When the line containing "Output: one line" is found in the data below, copy it and each line after it through the line containing "- object <box>646,358,677,363</box>", exactly and with no others.

Given records START

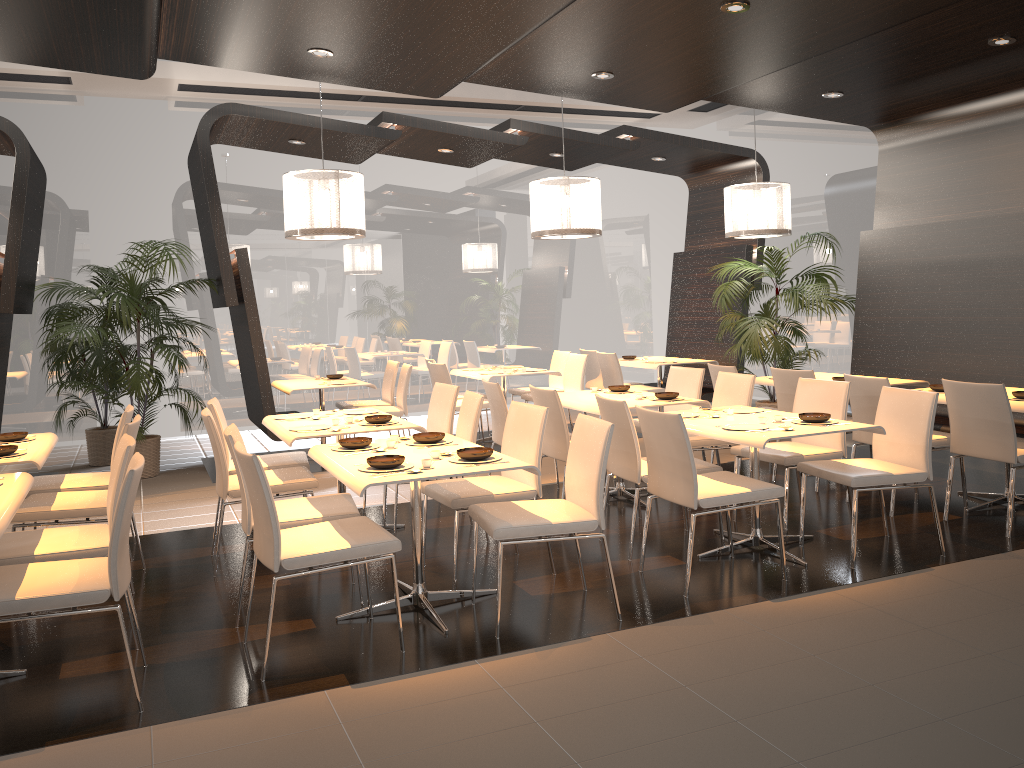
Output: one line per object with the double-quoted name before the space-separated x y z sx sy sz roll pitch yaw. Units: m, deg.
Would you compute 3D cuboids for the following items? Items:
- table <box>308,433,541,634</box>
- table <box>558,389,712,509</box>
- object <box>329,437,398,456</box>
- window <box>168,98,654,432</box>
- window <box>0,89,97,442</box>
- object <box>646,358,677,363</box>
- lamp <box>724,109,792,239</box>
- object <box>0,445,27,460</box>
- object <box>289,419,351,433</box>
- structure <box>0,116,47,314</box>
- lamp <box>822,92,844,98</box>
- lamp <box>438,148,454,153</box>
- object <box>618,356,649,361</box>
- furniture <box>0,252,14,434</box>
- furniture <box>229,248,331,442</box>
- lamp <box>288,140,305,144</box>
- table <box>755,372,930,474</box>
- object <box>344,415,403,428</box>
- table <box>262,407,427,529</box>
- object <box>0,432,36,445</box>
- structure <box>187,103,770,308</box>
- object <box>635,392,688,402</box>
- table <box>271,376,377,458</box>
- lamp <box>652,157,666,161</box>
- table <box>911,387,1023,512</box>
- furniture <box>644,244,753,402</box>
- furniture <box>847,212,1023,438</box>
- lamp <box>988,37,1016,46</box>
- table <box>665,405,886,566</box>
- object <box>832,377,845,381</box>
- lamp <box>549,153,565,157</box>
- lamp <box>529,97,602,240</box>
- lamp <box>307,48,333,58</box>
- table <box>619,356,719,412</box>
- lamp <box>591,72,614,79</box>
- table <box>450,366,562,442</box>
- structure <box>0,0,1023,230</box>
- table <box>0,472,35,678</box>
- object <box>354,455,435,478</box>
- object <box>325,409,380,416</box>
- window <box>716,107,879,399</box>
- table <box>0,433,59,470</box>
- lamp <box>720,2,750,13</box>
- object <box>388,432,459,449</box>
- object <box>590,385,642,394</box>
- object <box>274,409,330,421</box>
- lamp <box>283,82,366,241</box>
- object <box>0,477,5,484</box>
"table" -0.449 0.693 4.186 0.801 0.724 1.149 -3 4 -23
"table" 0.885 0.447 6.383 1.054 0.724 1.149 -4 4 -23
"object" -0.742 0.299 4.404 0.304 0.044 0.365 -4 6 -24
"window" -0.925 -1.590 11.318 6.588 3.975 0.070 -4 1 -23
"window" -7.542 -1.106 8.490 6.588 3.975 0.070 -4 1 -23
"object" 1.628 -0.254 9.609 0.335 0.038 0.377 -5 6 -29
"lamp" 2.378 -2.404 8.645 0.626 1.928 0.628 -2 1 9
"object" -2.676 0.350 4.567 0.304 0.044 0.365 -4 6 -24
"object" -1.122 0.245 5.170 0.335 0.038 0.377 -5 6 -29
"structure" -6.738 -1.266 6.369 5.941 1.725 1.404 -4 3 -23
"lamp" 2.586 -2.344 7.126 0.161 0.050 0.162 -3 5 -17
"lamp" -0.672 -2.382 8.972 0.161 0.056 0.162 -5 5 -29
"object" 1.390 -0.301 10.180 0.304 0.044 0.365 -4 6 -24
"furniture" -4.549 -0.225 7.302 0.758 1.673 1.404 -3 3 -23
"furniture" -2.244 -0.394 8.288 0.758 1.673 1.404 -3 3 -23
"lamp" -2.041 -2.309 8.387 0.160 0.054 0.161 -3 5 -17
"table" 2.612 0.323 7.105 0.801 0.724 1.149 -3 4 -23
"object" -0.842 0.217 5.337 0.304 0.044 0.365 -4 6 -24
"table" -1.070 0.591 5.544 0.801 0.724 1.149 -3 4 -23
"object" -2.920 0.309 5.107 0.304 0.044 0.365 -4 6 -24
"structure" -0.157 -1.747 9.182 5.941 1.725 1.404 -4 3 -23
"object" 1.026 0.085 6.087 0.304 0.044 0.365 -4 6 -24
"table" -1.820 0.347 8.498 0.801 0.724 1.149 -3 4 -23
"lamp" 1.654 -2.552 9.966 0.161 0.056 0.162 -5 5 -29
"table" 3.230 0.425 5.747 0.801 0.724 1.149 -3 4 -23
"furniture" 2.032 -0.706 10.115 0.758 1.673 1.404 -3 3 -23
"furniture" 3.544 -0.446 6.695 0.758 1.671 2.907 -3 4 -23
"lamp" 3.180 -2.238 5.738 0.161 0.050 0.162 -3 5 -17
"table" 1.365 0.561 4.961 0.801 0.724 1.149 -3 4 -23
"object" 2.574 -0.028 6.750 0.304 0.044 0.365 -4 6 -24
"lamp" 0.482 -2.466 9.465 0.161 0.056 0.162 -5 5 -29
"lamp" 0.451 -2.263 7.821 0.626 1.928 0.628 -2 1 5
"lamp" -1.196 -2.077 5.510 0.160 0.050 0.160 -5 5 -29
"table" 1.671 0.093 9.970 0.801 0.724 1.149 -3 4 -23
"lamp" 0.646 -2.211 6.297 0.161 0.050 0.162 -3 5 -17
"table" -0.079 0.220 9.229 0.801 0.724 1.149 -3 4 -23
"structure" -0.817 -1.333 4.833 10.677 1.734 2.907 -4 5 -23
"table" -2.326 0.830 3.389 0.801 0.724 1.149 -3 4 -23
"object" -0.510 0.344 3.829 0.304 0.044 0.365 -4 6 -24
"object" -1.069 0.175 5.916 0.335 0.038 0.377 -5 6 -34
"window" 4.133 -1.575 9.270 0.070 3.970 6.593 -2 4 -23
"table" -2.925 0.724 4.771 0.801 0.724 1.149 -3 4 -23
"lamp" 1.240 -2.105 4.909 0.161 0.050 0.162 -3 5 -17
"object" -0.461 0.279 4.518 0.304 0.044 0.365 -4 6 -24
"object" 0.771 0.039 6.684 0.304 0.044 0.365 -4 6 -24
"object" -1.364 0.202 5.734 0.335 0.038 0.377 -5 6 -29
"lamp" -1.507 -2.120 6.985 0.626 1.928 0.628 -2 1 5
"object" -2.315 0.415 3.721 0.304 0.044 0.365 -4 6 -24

Given records END
Given records START

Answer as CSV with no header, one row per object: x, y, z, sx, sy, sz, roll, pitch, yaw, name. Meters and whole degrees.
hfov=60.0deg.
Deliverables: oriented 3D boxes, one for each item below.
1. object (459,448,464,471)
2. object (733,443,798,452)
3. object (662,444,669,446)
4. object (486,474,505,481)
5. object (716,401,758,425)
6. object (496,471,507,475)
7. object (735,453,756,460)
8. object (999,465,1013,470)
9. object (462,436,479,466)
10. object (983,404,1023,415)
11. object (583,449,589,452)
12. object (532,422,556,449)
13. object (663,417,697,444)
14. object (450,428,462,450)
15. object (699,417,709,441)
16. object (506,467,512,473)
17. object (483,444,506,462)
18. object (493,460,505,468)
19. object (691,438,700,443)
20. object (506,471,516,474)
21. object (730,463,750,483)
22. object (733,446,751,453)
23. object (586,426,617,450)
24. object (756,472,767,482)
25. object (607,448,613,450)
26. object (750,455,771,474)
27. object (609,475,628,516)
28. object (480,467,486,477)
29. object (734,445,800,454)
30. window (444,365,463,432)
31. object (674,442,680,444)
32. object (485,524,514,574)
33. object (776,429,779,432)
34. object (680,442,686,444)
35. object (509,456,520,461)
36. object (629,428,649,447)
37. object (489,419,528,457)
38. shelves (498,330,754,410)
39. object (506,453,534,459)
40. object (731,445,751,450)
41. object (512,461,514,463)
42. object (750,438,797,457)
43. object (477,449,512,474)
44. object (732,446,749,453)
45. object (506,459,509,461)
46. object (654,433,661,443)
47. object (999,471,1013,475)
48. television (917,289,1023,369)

Given records END

**Result below:**
Output: one line per object with the double-quoted name before the space-separated x y z sx sy sz roll pitch yaw. Units: m, deg.
Would you compute 3D cuboids for the following items? Items:
- table <box>308,433,541,634</box>
- table <box>558,389,712,509</box>
- object <box>329,437,398,456</box>
- window <box>168,98,654,432</box>
- window <box>0,89,97,442</box>
- object <box>646,358,677,363</box>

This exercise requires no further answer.